Records provided ->
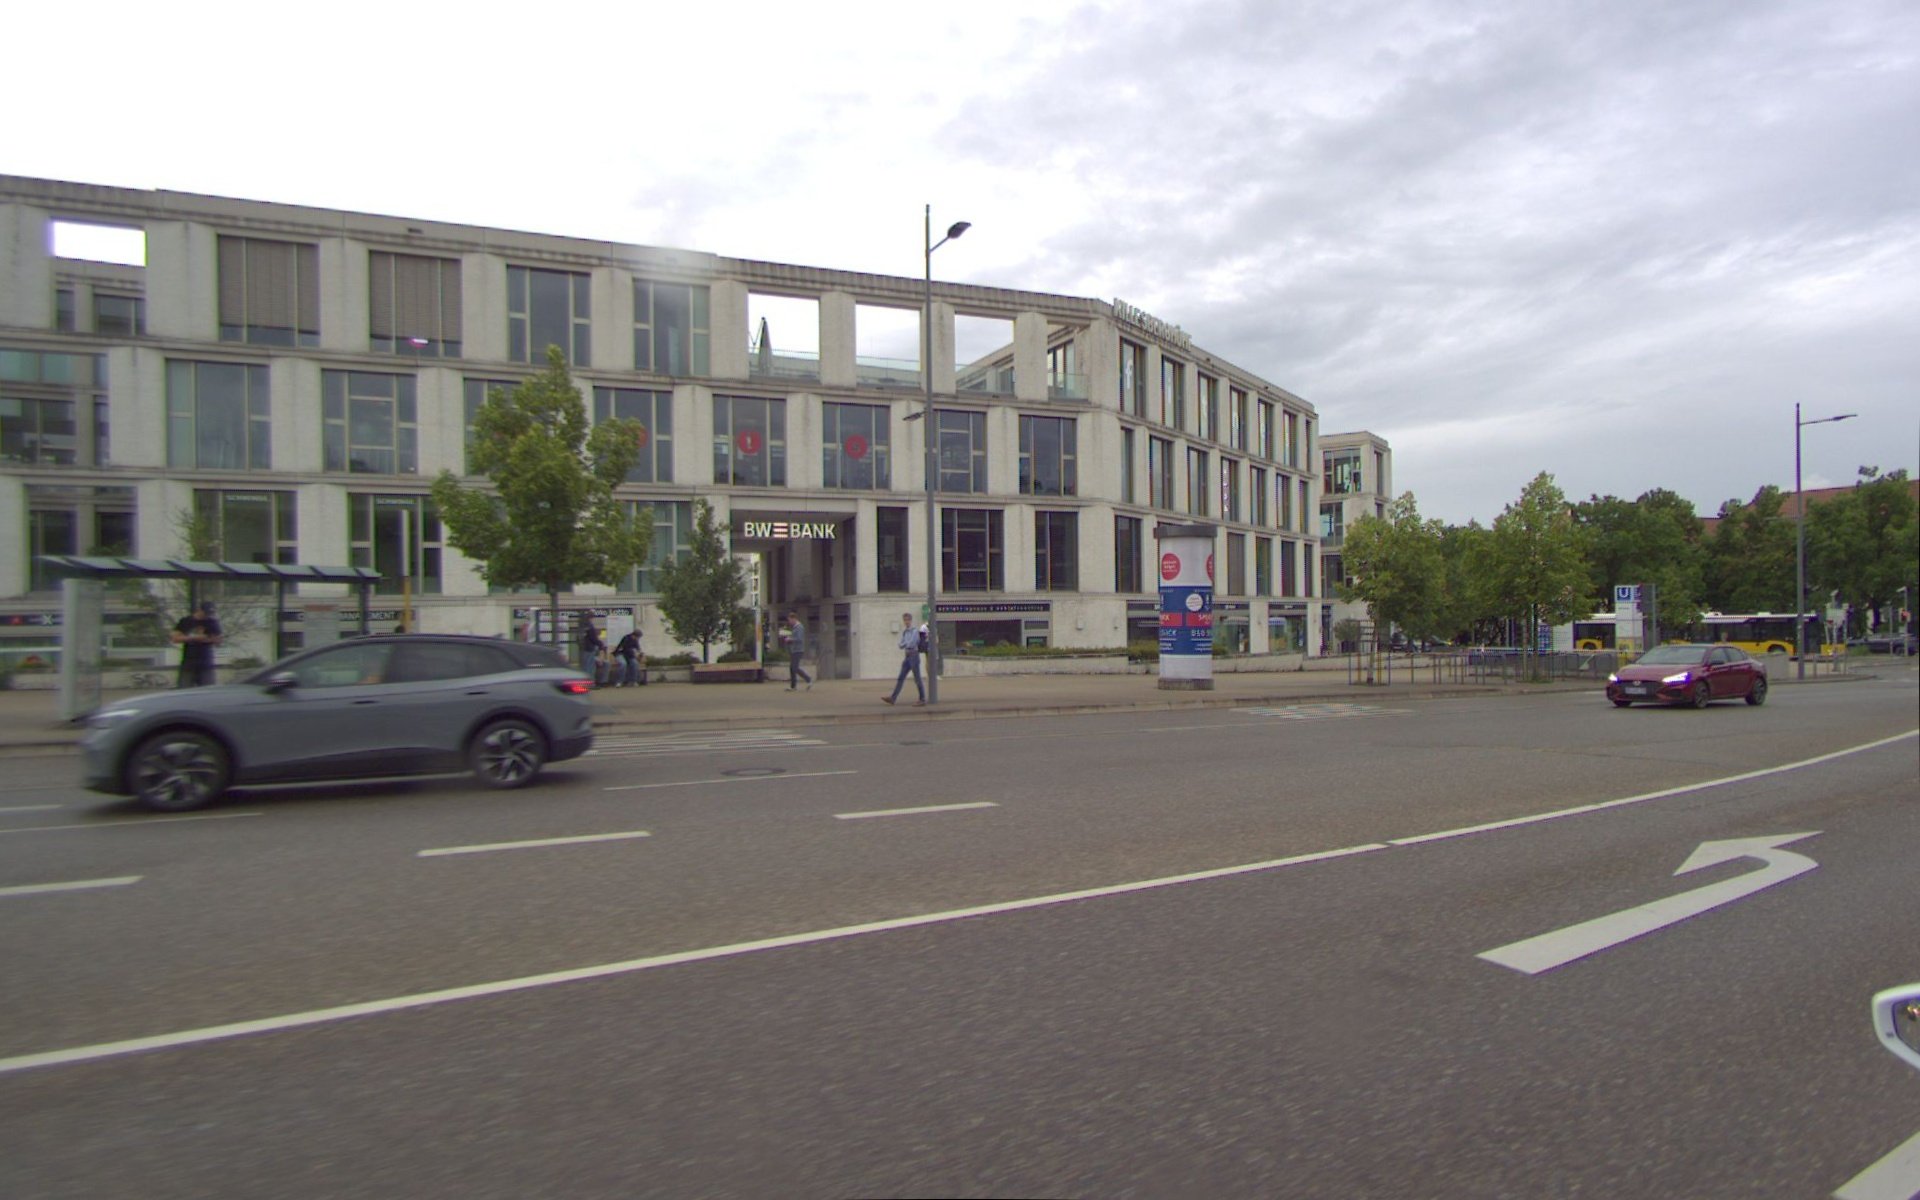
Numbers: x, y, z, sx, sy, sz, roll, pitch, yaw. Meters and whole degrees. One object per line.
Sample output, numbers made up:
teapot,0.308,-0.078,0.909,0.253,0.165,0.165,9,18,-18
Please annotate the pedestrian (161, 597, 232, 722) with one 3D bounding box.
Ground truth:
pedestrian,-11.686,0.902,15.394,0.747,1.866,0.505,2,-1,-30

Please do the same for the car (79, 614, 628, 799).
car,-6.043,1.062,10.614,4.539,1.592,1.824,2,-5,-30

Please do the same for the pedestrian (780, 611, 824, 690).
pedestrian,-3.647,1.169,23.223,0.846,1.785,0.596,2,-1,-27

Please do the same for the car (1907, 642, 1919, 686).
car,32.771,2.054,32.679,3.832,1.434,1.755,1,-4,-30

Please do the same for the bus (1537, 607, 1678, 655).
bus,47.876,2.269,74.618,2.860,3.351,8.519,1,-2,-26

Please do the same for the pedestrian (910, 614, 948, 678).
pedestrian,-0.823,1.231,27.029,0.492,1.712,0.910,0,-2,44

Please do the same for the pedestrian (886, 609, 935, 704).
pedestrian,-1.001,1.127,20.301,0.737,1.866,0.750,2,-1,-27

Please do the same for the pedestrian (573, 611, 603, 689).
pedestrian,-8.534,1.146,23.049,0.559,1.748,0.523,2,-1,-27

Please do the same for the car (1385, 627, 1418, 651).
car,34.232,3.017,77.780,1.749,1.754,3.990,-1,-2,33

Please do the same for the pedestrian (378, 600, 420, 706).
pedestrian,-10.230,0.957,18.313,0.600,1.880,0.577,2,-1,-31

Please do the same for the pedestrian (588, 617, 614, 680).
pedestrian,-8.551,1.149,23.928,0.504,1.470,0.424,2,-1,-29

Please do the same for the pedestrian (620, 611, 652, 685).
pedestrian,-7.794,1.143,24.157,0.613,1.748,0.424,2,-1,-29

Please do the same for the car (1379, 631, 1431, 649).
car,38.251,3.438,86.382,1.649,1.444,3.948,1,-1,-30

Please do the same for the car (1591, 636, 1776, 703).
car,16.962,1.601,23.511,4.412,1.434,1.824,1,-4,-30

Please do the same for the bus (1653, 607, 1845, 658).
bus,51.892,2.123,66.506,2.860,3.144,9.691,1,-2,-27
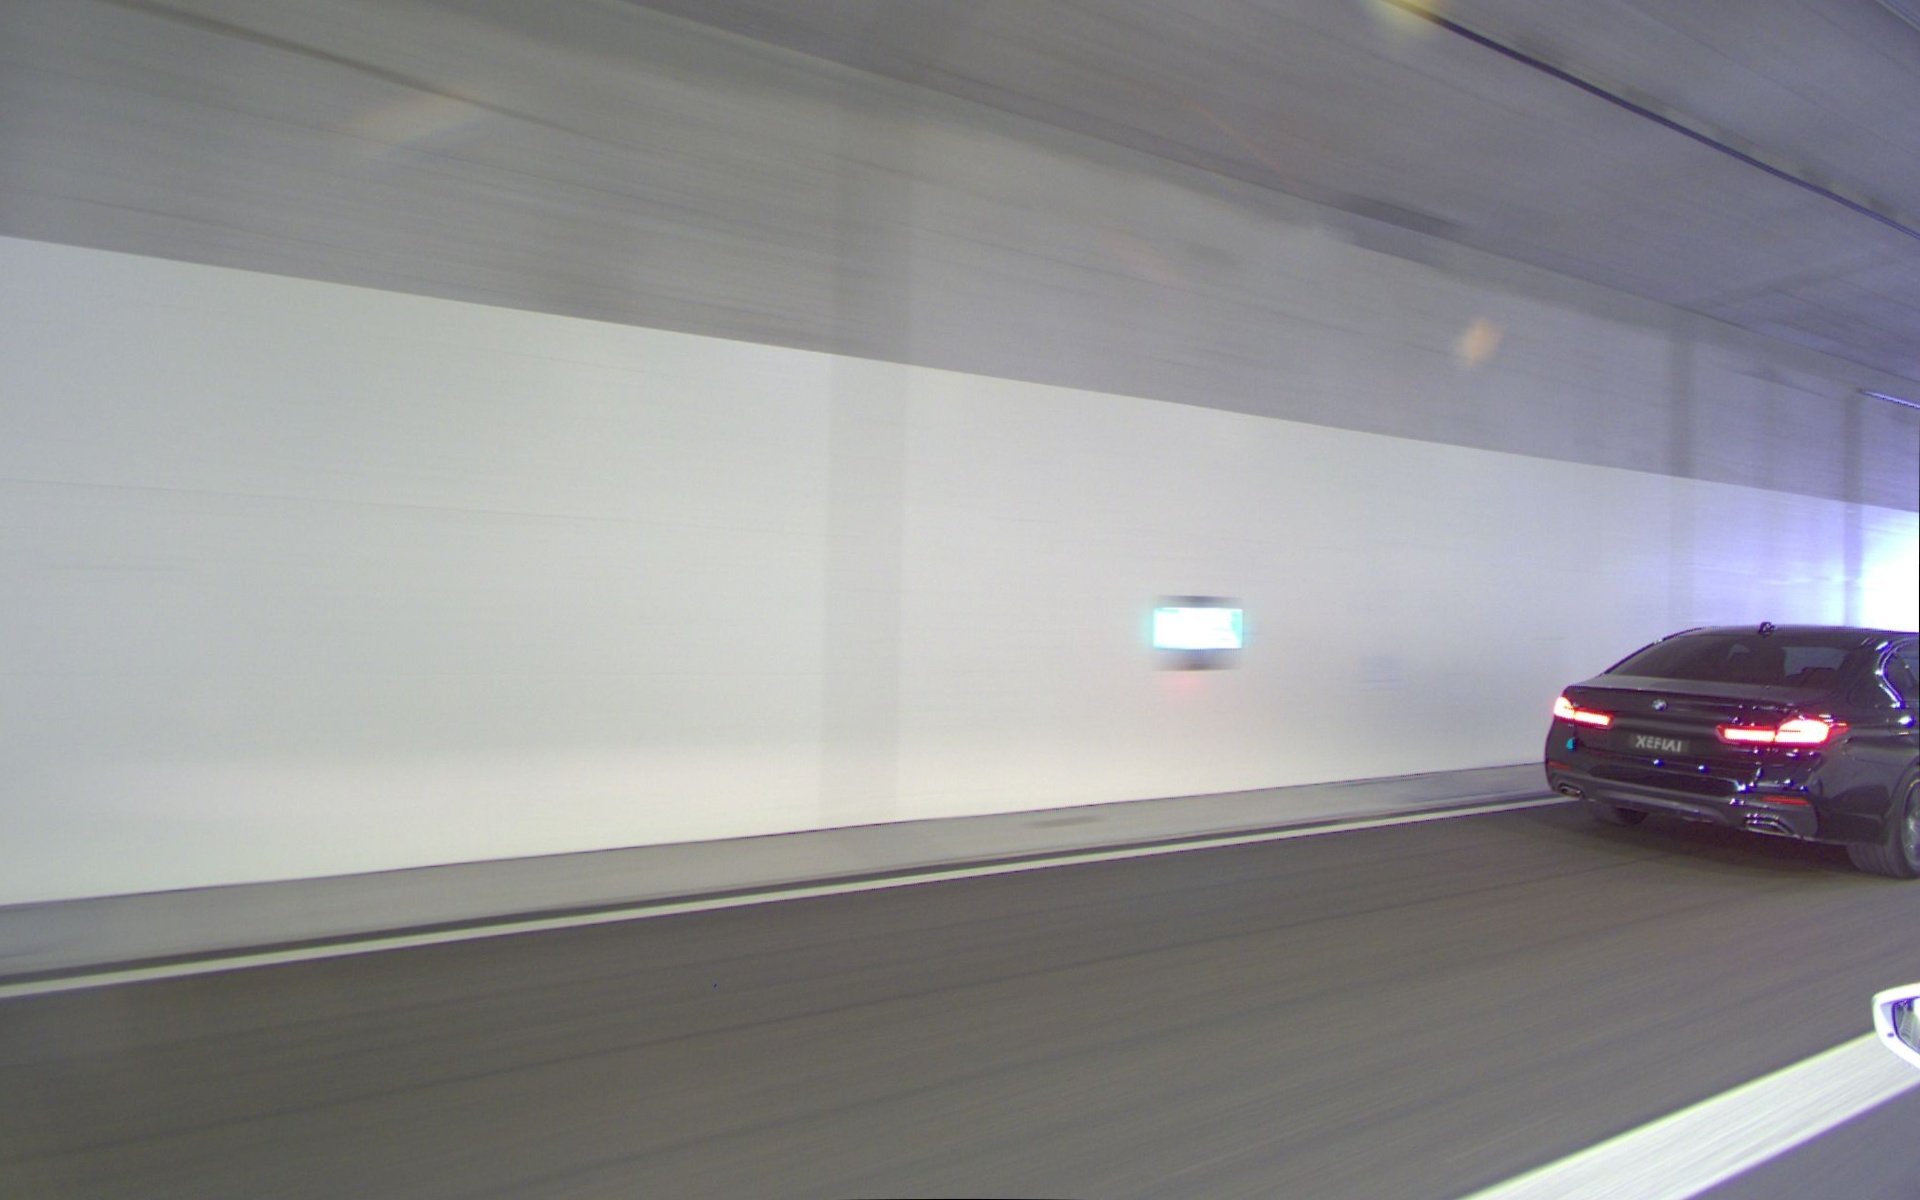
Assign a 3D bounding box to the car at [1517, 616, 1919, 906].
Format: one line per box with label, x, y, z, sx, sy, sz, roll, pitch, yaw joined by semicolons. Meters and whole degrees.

What you need to do -> Check the records above and copy each line that has the string "Meters".

Reply ->
Numbers: x, y, z, sx, sy, sz, roll, pitch, yaw. Meters and whole degrees. One object per line.
Format: one line per box with label, x, y, z, sx, sy, sz, roll, pitch, yaw joined by semicolons. Meters and whole degrees.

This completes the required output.